■ What you will do
What you return must be the lines of the data that hold the word "drawing".

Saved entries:
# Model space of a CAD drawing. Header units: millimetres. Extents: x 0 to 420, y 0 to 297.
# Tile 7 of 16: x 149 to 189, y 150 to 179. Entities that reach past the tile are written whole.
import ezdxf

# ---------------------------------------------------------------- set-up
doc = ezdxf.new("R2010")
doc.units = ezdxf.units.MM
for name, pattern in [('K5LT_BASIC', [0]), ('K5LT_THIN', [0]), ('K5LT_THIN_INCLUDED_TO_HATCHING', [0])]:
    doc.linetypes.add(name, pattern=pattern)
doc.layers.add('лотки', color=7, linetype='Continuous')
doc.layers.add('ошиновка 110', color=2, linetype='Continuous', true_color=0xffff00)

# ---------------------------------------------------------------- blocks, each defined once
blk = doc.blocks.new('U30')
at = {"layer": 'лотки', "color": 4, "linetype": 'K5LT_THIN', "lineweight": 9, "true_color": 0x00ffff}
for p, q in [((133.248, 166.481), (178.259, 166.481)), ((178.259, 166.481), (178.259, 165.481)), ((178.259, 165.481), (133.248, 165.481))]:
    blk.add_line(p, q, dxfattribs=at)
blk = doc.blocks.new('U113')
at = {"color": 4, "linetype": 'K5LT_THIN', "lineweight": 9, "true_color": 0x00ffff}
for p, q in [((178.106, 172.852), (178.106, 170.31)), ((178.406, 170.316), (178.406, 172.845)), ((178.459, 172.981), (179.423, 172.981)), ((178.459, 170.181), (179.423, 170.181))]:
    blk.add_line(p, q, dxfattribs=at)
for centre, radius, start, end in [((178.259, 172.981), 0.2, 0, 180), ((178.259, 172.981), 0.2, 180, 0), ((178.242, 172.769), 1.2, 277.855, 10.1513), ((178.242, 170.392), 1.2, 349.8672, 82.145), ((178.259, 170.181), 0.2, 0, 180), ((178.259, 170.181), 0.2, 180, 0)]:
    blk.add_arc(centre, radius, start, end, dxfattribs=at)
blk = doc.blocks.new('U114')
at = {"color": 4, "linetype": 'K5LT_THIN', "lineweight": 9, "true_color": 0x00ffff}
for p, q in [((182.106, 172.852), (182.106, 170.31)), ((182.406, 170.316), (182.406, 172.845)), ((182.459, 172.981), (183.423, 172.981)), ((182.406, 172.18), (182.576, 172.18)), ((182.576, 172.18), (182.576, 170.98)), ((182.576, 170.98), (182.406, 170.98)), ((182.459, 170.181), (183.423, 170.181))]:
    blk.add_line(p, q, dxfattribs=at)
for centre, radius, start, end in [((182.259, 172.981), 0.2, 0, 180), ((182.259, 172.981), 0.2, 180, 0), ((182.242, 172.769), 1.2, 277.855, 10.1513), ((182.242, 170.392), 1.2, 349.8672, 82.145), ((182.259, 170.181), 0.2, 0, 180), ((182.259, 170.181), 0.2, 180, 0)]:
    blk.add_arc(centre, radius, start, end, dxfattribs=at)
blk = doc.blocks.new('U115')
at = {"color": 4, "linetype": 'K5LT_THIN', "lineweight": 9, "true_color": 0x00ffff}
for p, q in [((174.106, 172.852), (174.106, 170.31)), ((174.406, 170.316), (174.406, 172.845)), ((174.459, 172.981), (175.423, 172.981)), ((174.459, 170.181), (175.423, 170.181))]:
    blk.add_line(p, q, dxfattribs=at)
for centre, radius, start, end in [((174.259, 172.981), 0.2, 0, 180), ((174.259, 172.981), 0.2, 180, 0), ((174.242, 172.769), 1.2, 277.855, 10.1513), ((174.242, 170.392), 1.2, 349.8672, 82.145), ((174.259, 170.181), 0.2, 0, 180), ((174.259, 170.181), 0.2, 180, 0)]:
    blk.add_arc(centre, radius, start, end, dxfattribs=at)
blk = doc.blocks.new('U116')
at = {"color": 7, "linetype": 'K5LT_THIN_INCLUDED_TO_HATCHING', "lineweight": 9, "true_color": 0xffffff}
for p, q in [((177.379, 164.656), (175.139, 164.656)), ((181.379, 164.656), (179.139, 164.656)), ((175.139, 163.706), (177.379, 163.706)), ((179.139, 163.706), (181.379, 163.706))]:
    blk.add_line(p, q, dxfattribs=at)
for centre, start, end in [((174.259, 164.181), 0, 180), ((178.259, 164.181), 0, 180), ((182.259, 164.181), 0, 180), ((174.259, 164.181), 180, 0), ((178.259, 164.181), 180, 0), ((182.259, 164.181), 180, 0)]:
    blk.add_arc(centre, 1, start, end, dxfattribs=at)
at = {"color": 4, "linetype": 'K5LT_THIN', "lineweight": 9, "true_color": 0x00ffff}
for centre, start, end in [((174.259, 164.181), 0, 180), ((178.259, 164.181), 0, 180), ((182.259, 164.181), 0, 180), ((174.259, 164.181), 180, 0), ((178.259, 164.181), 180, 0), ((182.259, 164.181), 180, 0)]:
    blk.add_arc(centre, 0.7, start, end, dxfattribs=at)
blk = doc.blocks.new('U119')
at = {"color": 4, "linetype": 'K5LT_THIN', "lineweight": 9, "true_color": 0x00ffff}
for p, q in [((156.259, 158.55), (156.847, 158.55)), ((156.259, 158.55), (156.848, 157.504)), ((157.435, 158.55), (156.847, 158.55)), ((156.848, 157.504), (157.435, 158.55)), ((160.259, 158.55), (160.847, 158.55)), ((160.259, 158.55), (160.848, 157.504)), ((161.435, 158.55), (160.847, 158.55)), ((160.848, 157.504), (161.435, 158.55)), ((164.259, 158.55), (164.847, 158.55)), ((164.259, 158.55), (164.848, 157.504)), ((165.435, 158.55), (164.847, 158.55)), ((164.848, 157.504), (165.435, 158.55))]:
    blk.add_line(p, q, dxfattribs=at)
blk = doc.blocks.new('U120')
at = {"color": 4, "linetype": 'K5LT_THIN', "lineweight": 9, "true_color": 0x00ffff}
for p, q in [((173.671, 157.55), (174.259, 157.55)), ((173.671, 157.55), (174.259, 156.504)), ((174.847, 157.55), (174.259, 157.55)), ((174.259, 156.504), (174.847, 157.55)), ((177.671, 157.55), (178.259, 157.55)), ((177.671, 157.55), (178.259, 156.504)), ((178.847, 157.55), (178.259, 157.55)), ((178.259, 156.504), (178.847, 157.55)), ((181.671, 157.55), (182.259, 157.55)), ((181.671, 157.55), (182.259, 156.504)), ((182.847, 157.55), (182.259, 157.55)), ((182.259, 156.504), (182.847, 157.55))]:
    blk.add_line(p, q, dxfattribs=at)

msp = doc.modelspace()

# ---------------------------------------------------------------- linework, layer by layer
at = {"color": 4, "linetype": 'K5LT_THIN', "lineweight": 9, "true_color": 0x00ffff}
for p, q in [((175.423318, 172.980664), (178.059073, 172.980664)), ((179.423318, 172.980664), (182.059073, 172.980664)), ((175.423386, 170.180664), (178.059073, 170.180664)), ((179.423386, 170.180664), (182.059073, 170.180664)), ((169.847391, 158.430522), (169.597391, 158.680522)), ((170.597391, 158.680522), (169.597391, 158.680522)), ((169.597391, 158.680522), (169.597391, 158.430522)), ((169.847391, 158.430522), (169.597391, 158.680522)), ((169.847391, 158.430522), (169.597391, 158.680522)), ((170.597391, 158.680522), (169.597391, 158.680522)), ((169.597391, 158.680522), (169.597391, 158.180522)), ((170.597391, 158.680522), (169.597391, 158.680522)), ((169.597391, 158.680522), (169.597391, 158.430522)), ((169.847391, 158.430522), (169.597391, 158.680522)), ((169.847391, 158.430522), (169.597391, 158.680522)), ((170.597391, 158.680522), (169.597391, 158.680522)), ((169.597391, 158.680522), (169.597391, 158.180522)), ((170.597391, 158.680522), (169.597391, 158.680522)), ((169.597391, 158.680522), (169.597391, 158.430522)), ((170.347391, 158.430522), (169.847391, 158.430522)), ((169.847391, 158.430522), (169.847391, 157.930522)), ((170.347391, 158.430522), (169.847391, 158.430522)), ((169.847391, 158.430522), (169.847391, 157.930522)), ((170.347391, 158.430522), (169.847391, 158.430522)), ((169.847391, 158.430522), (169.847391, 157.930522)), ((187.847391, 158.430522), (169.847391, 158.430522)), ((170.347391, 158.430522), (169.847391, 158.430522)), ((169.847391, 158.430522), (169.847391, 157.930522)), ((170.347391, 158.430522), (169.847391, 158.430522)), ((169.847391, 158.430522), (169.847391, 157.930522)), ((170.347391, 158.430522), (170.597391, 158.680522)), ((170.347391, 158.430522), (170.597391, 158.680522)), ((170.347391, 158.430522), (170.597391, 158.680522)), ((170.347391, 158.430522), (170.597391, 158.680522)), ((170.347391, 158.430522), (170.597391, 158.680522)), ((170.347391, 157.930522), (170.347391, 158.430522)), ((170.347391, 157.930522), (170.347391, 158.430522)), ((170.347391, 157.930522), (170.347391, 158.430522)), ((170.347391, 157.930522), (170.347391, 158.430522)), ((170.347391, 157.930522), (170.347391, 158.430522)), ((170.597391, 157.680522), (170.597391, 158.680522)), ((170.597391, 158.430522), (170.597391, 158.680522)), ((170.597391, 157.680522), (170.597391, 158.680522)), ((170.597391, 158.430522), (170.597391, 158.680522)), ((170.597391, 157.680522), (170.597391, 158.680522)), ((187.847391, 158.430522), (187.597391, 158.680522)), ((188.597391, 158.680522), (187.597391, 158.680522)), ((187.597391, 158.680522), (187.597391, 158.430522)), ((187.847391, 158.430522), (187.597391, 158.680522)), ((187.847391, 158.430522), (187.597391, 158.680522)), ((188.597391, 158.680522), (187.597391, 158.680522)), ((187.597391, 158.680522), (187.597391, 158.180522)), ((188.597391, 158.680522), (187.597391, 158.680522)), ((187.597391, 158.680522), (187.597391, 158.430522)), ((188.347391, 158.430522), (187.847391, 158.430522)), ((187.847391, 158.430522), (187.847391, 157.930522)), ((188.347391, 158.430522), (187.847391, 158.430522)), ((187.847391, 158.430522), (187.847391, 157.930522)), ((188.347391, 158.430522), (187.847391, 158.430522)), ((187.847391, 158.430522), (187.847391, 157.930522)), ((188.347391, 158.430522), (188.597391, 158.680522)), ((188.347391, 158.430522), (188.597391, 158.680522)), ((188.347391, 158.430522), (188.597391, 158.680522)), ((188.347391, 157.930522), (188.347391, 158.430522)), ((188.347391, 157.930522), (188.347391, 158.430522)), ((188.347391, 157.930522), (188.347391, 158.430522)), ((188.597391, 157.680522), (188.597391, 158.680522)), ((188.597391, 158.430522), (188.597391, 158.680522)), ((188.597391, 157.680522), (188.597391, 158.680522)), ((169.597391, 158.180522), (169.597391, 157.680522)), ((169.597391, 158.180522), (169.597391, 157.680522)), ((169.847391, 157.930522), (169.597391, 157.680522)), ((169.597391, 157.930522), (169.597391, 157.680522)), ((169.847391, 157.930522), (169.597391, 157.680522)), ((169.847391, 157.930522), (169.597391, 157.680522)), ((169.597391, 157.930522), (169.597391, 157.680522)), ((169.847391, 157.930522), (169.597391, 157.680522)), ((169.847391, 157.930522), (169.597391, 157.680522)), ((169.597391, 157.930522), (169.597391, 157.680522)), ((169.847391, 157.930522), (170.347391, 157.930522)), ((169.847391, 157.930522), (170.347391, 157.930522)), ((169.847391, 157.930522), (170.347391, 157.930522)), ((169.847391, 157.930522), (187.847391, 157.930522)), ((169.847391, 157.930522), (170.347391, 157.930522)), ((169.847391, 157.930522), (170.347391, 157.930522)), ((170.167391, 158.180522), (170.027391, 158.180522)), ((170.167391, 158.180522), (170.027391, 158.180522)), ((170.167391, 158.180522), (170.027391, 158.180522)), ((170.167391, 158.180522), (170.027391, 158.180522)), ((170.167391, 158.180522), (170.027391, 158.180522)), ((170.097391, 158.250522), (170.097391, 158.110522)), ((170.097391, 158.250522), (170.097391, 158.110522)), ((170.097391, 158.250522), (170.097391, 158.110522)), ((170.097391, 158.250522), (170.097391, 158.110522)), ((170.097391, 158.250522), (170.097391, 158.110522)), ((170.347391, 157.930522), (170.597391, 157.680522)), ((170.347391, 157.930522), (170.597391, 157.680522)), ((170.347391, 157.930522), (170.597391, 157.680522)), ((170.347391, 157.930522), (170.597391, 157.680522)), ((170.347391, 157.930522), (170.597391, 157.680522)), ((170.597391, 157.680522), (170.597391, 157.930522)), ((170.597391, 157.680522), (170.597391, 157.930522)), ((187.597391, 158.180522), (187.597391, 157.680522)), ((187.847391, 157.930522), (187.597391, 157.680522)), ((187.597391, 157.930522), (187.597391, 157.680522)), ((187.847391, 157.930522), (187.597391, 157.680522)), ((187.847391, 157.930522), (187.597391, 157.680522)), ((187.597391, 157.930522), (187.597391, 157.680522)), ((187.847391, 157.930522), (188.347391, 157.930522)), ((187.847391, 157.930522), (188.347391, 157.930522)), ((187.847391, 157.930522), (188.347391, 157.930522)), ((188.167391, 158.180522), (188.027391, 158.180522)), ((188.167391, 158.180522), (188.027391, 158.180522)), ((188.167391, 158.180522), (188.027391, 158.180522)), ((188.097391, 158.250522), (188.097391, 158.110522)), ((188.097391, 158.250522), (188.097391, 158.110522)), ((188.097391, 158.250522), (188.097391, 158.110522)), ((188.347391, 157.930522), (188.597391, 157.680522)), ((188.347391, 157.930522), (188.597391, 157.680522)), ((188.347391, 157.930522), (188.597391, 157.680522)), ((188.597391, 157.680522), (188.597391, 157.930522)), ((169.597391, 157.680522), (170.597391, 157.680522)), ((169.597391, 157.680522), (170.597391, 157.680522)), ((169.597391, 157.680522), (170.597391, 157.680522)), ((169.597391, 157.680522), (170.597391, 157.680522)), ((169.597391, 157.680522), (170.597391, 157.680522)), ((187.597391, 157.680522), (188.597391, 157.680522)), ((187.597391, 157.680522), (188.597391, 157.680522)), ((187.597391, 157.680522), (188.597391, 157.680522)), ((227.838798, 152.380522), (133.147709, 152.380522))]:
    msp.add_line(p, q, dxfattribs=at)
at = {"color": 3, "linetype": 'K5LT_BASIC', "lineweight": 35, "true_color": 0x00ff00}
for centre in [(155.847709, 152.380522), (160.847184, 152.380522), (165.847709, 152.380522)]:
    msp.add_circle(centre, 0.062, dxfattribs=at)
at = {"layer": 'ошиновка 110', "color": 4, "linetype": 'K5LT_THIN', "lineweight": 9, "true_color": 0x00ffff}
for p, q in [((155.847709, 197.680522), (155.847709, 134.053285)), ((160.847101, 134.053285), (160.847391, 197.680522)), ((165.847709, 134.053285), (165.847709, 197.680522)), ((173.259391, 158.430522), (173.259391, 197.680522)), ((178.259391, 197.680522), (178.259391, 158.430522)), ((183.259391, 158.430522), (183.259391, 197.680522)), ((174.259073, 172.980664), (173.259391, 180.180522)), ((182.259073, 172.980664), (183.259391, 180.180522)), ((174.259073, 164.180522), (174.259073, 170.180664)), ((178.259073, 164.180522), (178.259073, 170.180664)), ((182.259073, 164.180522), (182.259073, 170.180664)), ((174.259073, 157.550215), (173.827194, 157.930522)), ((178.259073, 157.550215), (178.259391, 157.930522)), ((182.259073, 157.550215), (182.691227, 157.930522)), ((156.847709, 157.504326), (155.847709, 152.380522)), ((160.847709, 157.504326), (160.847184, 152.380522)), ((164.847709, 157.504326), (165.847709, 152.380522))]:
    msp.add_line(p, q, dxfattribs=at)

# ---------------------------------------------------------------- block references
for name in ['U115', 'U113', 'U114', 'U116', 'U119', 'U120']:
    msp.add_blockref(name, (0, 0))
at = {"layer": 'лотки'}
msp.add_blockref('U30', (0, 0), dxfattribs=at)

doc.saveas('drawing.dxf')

■ Task output
# Model space of a CAD drawing. Header units: millimetres. Extents: x 0 to 420, y 0 to 297.
doc.saveas('drawing.dxf')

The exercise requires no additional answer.